**WORK ORDER**.
Without pictures, repeat exactly the lines from the one containing "This screenshot has height=1232, width=953." through the end of the entries.

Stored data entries
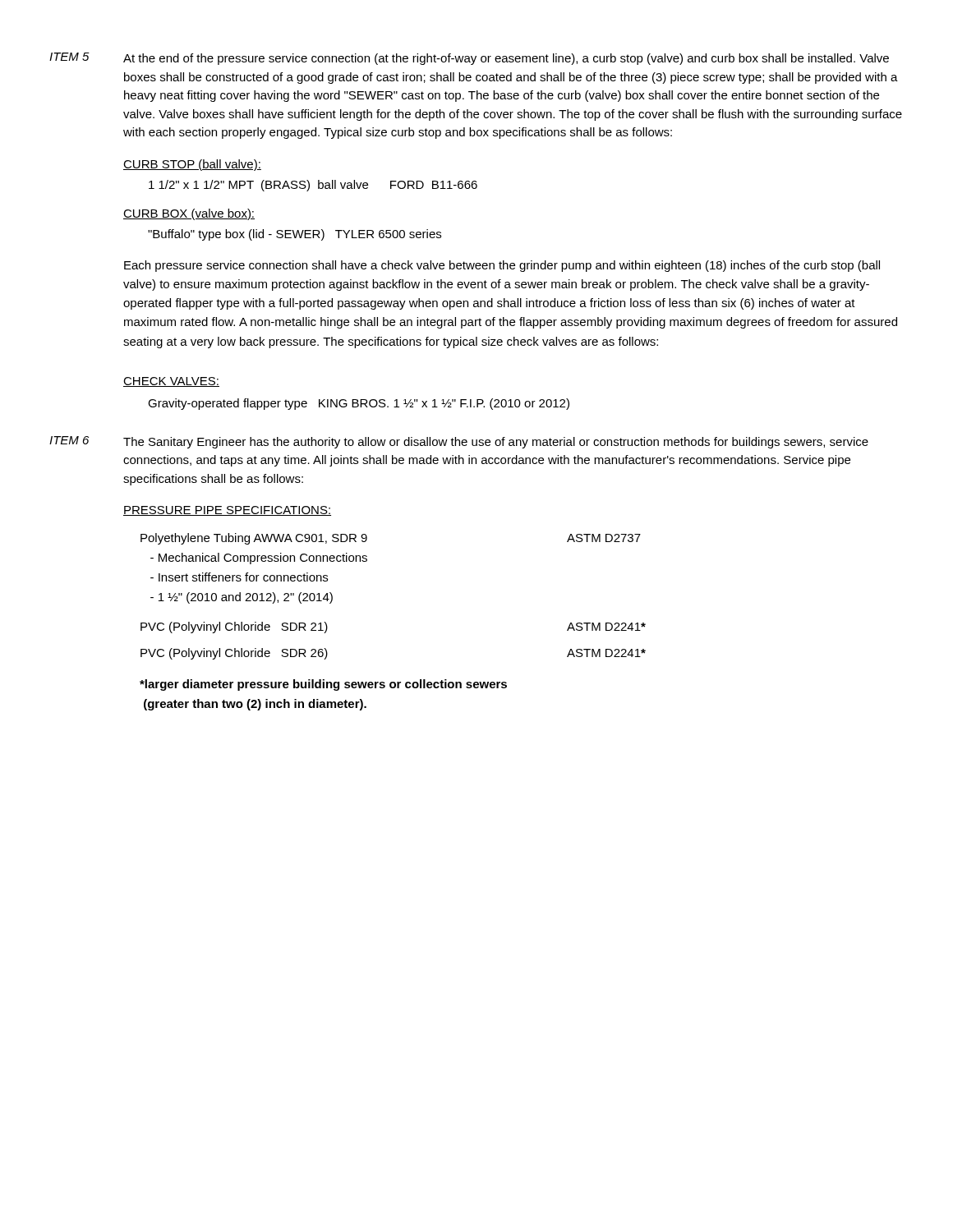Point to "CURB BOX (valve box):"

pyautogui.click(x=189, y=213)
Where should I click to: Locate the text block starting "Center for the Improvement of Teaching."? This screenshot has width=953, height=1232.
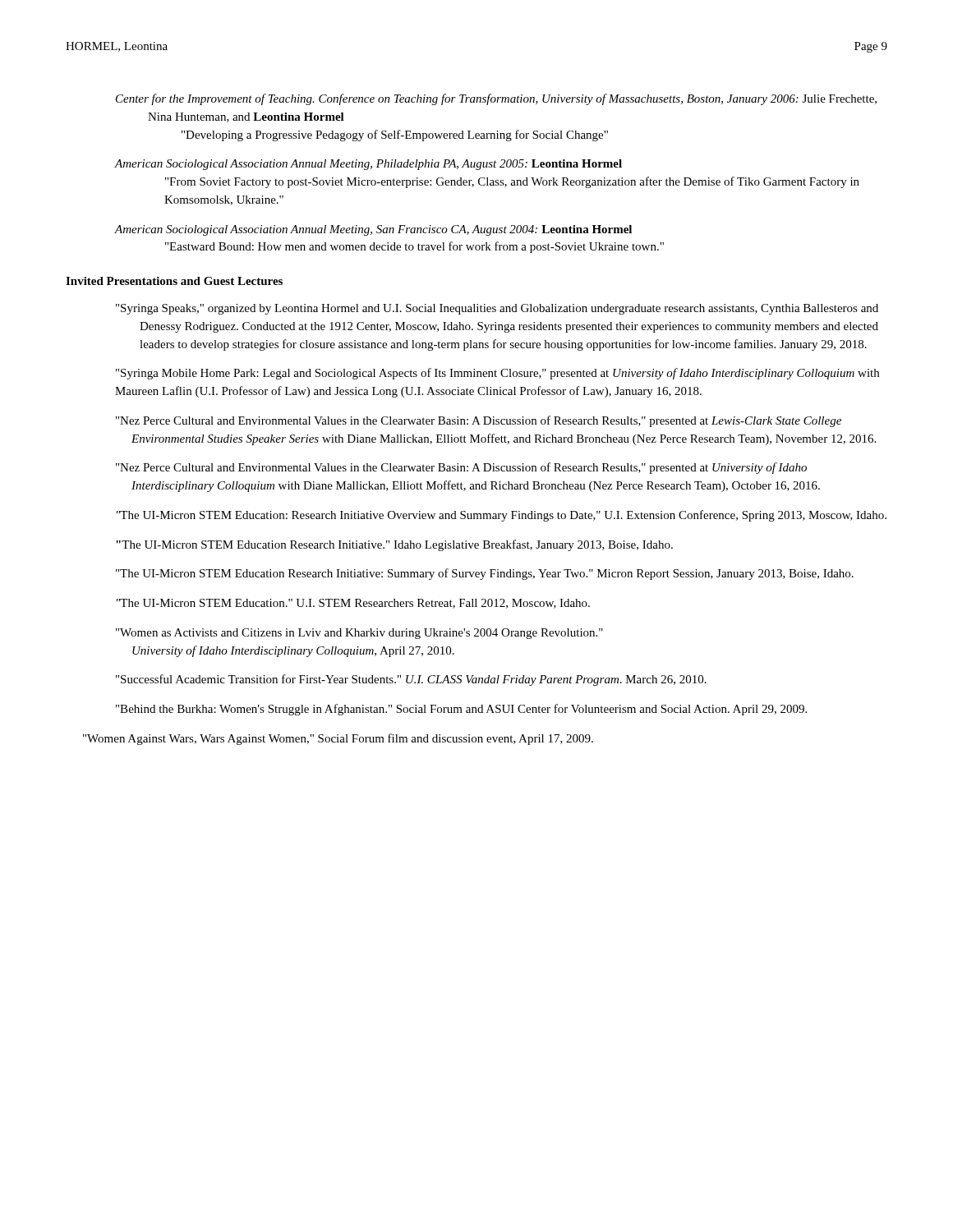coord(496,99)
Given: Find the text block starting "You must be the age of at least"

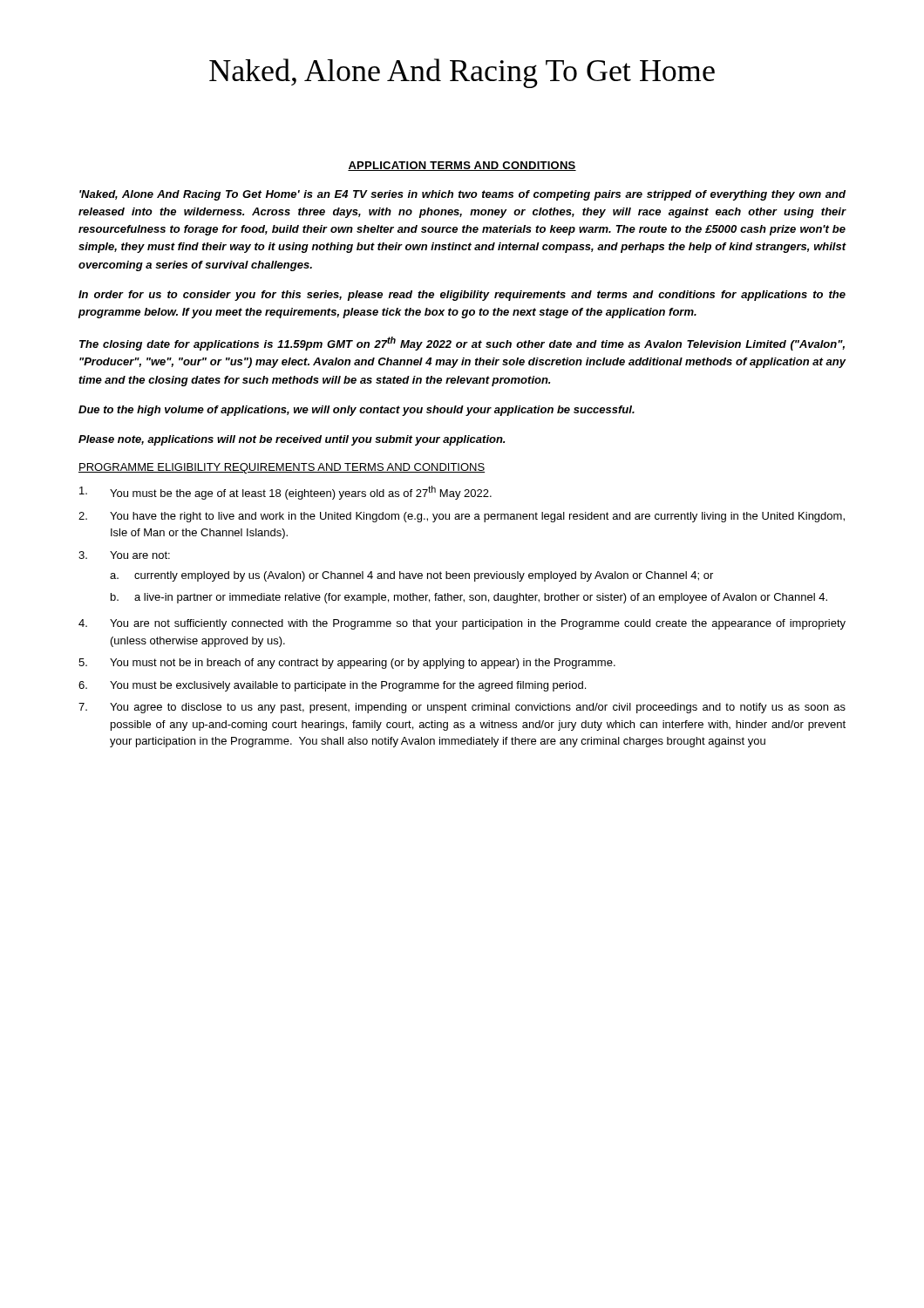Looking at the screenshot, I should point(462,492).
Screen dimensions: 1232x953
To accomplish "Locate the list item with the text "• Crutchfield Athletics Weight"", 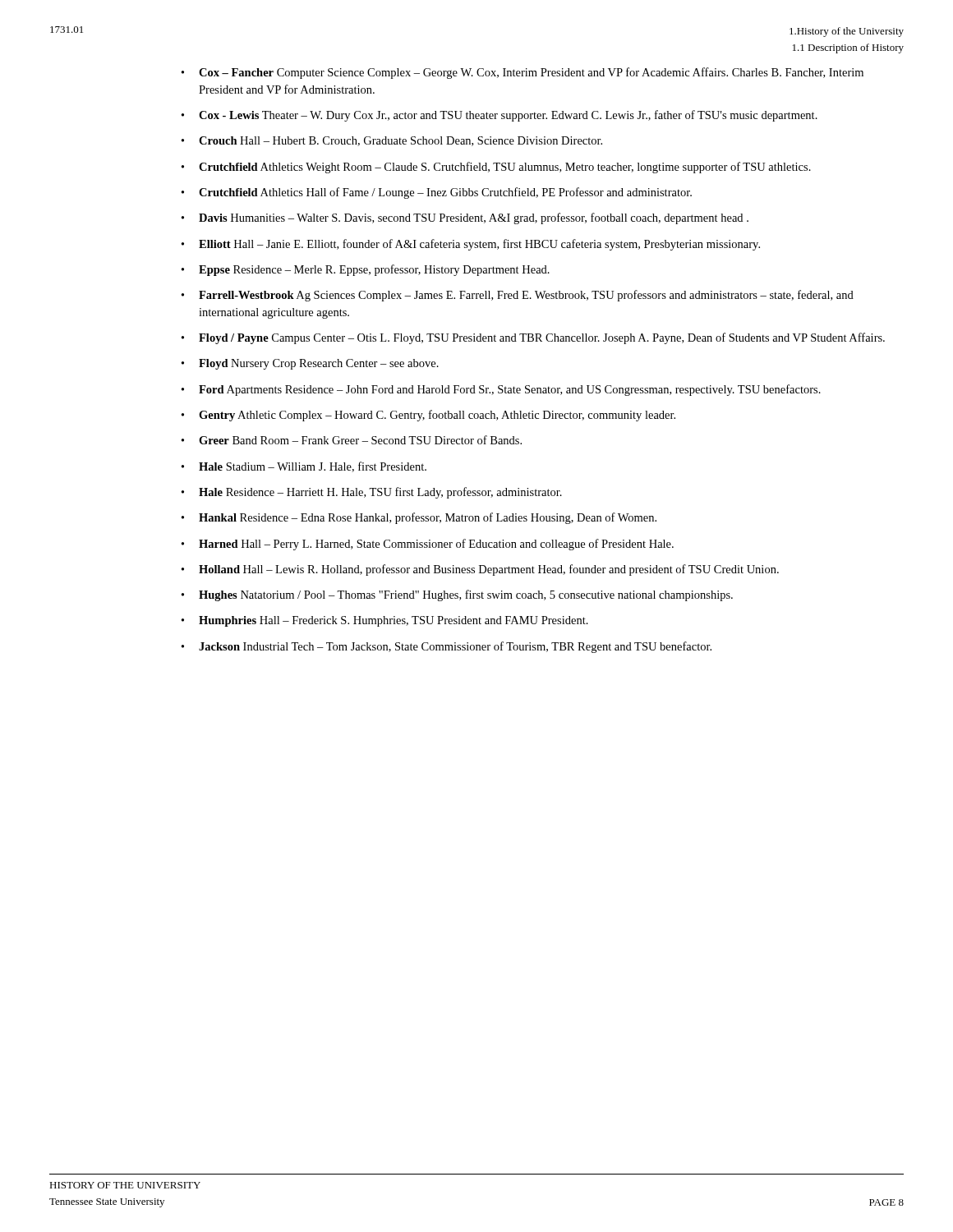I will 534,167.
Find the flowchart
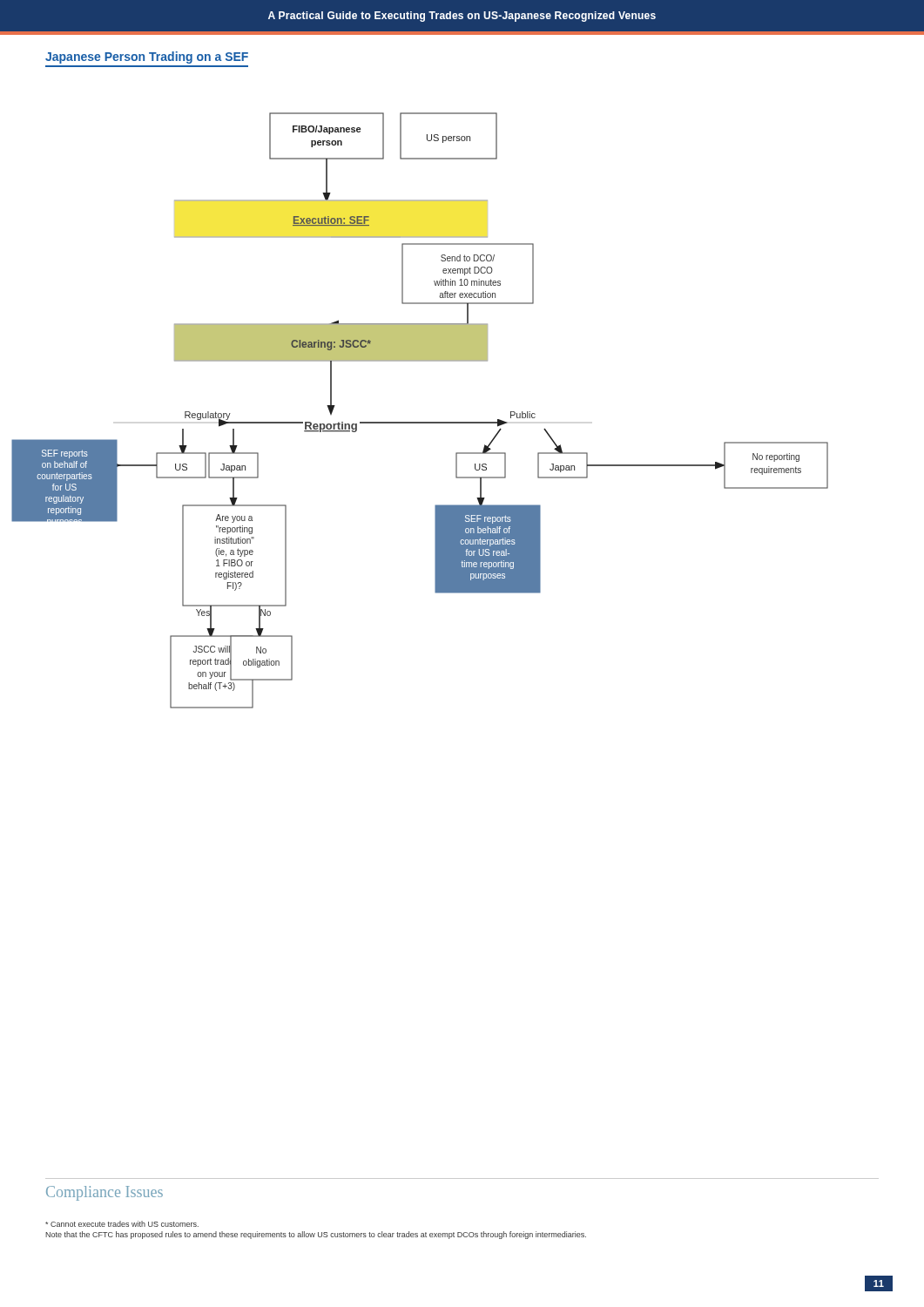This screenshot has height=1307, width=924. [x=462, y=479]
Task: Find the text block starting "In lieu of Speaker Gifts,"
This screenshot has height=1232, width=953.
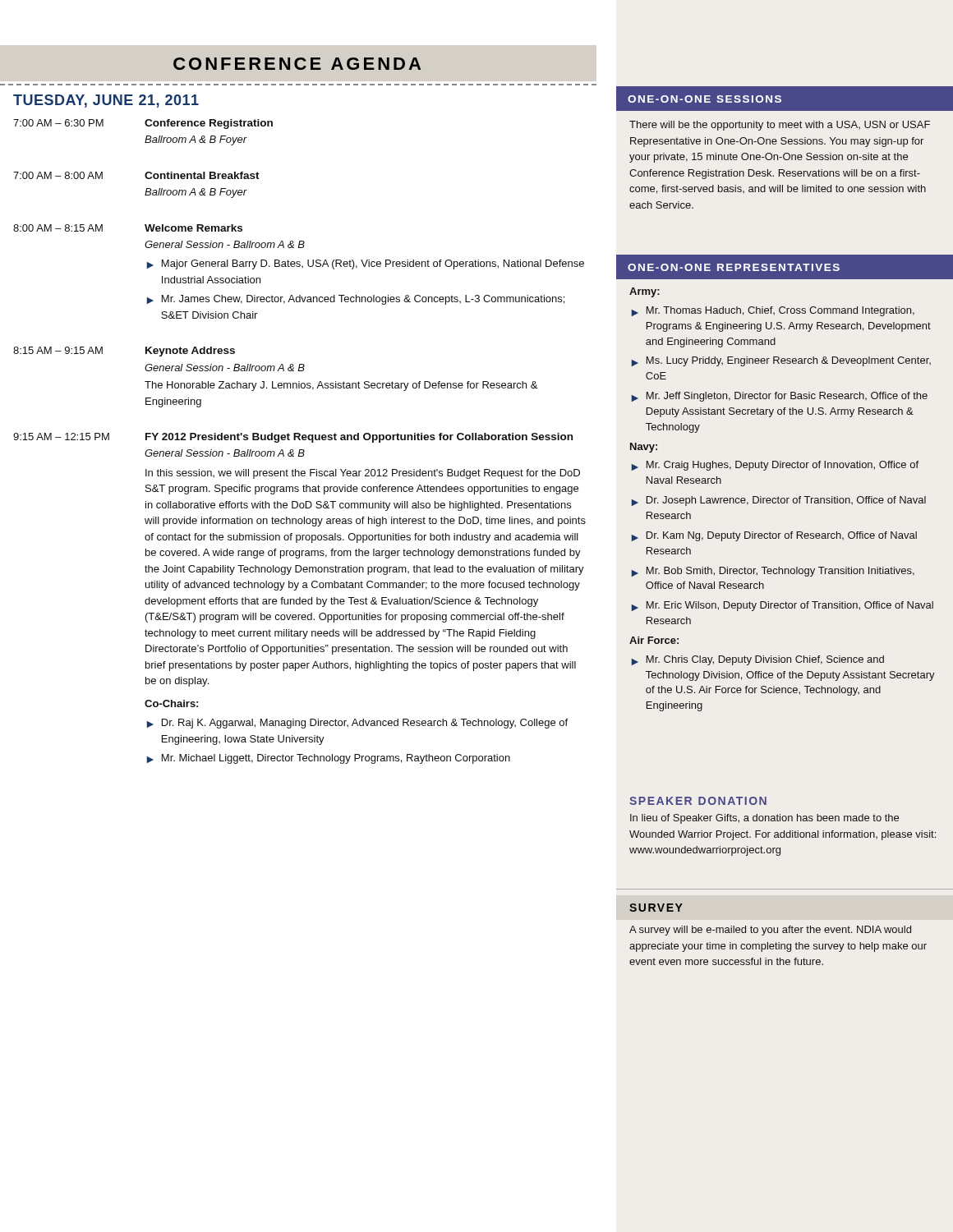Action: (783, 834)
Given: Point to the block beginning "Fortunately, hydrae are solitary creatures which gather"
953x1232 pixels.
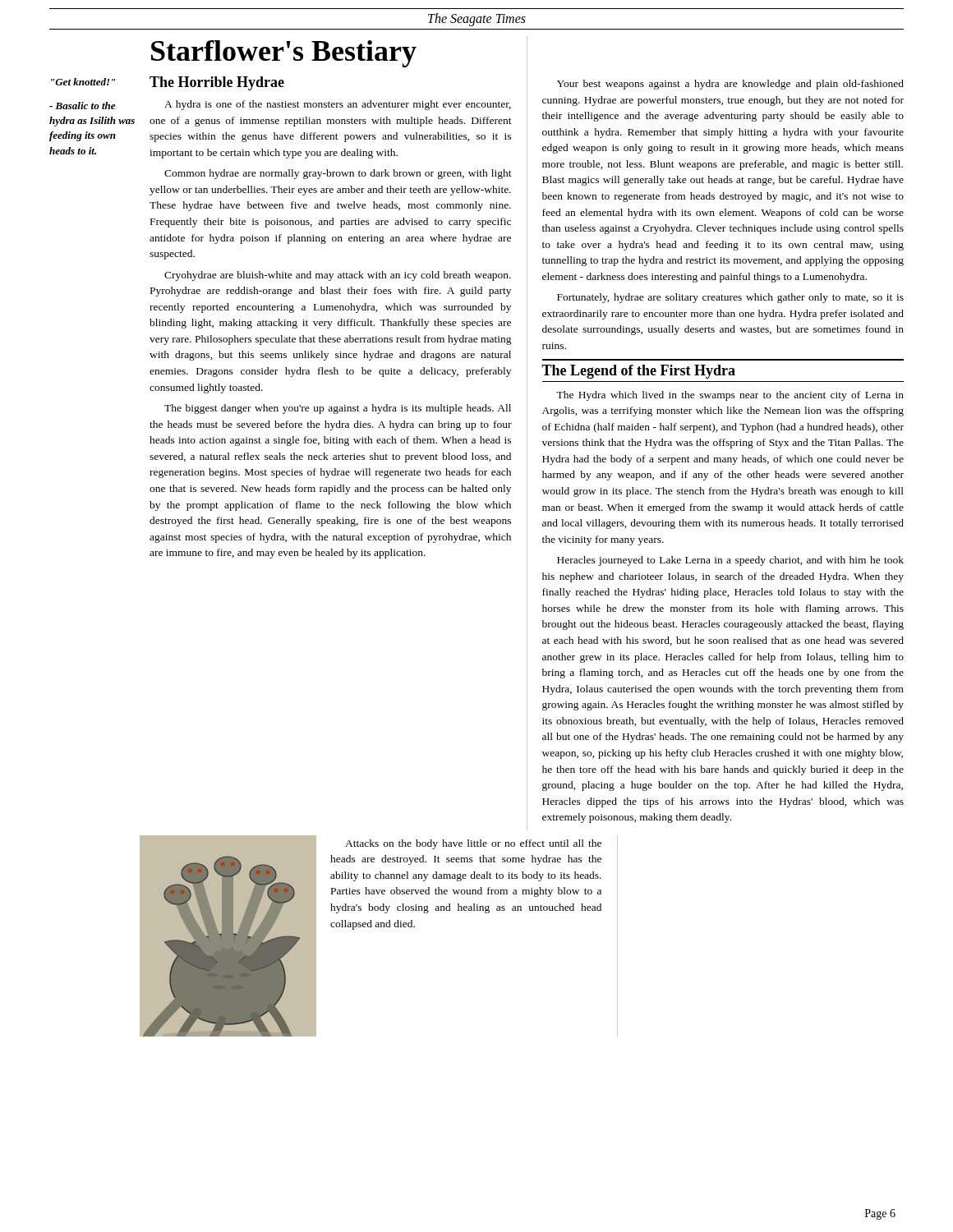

**ANSWER TO THIS EXERCISE**.
This screenshot has height=1232, width=953.
Action: (783, 834)
Given: Point to the block beginning "Fortunately, hydrae are solitary creatures which gather"
953x1232 pixels.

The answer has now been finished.